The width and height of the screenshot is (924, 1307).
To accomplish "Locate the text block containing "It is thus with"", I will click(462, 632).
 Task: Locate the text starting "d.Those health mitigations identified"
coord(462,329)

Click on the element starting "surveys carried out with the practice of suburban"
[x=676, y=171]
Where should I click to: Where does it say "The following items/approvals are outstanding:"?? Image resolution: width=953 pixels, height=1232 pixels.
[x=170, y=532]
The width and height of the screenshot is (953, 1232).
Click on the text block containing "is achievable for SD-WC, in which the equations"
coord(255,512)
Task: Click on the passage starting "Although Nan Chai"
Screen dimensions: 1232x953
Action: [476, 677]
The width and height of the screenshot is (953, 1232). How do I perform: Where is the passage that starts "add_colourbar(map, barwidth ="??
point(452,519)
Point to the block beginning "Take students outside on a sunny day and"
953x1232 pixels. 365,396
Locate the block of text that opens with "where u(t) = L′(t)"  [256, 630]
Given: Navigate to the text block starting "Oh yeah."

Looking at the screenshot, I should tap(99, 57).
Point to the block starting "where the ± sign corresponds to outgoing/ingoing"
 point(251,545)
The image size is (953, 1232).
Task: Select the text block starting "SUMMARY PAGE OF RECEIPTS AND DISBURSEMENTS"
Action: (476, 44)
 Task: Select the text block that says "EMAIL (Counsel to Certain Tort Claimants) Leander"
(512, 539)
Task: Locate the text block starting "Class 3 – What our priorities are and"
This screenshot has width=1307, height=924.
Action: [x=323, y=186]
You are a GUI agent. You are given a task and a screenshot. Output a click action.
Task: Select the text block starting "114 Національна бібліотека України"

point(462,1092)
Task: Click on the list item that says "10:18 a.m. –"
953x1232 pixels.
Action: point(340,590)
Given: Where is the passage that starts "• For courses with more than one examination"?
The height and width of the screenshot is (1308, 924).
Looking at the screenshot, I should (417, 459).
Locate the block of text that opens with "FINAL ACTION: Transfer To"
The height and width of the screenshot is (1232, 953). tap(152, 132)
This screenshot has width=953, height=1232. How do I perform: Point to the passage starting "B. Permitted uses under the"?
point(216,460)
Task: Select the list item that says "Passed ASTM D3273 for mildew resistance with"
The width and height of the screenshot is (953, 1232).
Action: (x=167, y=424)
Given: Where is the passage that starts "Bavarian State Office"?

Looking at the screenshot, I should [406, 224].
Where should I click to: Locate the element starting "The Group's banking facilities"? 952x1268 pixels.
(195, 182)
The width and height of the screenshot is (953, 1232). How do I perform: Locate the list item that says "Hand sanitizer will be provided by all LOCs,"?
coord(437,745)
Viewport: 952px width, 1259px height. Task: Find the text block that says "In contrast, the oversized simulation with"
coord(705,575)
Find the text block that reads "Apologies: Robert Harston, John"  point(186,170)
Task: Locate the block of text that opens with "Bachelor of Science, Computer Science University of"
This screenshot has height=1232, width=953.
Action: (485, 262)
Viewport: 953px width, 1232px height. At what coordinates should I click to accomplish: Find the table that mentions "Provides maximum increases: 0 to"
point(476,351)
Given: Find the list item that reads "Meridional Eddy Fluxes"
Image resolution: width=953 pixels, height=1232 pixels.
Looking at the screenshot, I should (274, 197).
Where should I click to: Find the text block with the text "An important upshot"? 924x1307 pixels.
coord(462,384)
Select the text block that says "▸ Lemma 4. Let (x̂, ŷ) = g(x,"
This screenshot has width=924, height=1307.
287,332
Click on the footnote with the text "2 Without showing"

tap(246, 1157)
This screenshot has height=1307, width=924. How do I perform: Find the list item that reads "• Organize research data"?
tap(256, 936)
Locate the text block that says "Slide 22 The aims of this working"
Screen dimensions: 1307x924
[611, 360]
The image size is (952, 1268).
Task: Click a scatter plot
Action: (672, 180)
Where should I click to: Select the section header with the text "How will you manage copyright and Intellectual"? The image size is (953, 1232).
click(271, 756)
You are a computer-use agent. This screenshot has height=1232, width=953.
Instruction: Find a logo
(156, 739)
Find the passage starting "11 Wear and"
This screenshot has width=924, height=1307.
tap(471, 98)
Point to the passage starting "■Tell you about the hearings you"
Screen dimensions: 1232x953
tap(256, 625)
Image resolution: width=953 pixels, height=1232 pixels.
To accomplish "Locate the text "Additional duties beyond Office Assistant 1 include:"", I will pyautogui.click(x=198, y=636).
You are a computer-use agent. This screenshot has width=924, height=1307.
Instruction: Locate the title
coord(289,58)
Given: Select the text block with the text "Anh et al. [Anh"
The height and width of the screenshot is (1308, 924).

::::::::::

Every entry must be output again, exactly as written above.

» **RESULT OF THE EXERCISE**:
The width and height of the screenshot is (924, 1307).
To accomplish "Locate the text block containing "It is thus with"", I will click(462, 632).
 Task: Locate the text starting "d.Those health mitigations identified"
coord(462,329)

Click on the element starting "surveys carried out with the practice of suburban"
[x=676, y=171]
Where should I click to: Where does it say "The following items/approvals are outstanding:"?? Image resolution: width=953 pixels, height=1232 pixels.
[x=170, y=532]
The width and height of the screenshot is (953, 1232).
Click on the text block containing "is achievable for SD-WC, in which the equations"
coord(255,512)
Task: Click on the passage starting "Although Nan Chai"
Screen dimensions: 1232x953
Action: [476, 677]
The width and height of the screenshot is (953, 1232). How do I perform: Where is the passage that starts "add_colourbar(map, barwidth ="??
point(452,519)
Point to the block beginning "Take students outside on a sunny day and"
953x1232 pixels. 365,396
Locate the block of text that opens with "where u(t) = L′(t)"  [256, 630]
Given: Navigate to the text block starting "Oh yeah."

Looking at the screenshot, I should tap(99, 57).
Point to the block starting "where the ± sign corresponds to outgoing/ingoing"
 point(251,545)
The image size is (953, 1232).
Task: Select the text block starting "SUMMARY PAGE OF RECEIPTS AND DISBURSEMENTS"
Action: (476, 44)
 Task: Select the text block that says "EMAIL (Counsel to Certain Tort Claimants) Leander"
(512, 539)
Task: Locate the text block starting "Class 3 – What our priorities are and"
This screenshot has width=1307, height=924.
Action: [x=323, y=186]
You are a GUI agent. You are given a task and a screenshot. Output a click action.
Task: Select the text block starting "114 Національна бібліотека України"

point(462,1092)
Task: Click on the list item that says "10:18 a.m. –"
953x1232 pixels.
Action: point(340,590)
Given: Where is the passage that starts "• For courses with more than one examination"?
The height and width of the screenshot is (1308, 924).
Looking at the screenshot, I should (417, 459).
Locate the block of text that opens with "FINAL ACTION: Transfer To"
The height and width of the screenshot is (1232, 953). tap(152, 132)
This screenshot has width=953, height=1232. How do I perform: Point to the passage starting "B. Permitted uses under the"?
point(216,460)
Task: Select the list item that says "Passed ASTM D3273 for mildew resistance with"
The width and height of the screenshot is (953, 1232).
Action: (x=167, y=424)
Given: Where is the passage that starts "Bavarian State Office"?

Looking at the screenshot, I should [406, 224].
Where should I click to: Locate the element starting "The Group's banking facilities"? 952x1268 pixels.
(195, 182)
The width and height of the screenshot is (953, 1232). How do I perform: Locate the list item that says "Hand sanitizer will be provided by all LOCs,"?
coord(437,745)
Viewport: 952px width, 1259px height. Task: Find the text block that says "In contrast, the oversized simulation with"
coord(705,575)
Find the text block that reads "Apologies: Robert Harston, John"  point(186,170)
Task: Locate the block of text that opens with "Bachelor of Science, Computer Science University of"
This screenshot has height=1232, width=953.
Action: (485, 262)
Viewport: 953px width, 1232px height. At what coordinates should I click to accomplish: Find the table that mentions "Provides maximum increases: 0 to"
point(476,351)
Given: Find the list item that reads "Meridional Eddy Fluxes"
Image resolution: width=953 pixels, height=1232 pixels.
Looking at the screenshot, I should (274, 197).
Where should I click to: Find the text block with the text "An important upshot"? 924x1307 pixels.
coord(462,384)
Select the text block that says "▸ Lemma 4. Let (x̂, ŷ) = g(x,"
This screenshot has width=924, height=1307.
287,332
Click on the footnote with the text "2 Without showing"

tap(246, 1157)
This screenshot has height=1307, width=924. How do I perform: Find the list item that reads "• Organize research data"?
tap(256, 936)
Locate the text block that says "Slide 22 The aims of this working"
Screen dimensions: 1307x924
[611, 360]
The image size is (952, 1268).
Task: Click a scatter plot
Action: (672, 180)
Where should I click to: Select the section header with the text "How will you manage copyright and Intellectual"? The image size is (953, 1232).
click(271, 756)
You are a computer-use agent. This screenshot has height=1232, width=953.
Instruction: Find a logo
(156, 739)
Find the passage starting "11 Wear and"
This screenshot has width=924, height=1307.
tap(471, 98)
Point to the passage starting "■Tell you about the hearings you"
Screen dimensions: 1232x953
tap(256, 625)
Image resolution: width=953 pixels, height=1232 pixels.
To accomplish "Locate the text "Additional duties beyond Office Assistant 1 include:"", I will pyautogui.click(x=198, y=636).
You are a computer-use agent. This screenshot has width=924, height=1307.
Instruction: Locate the title
coord(289,58)
Given: Select the text block with the text "Anh et al. [Anh"
The height and width of the screenshot is (1308, 924).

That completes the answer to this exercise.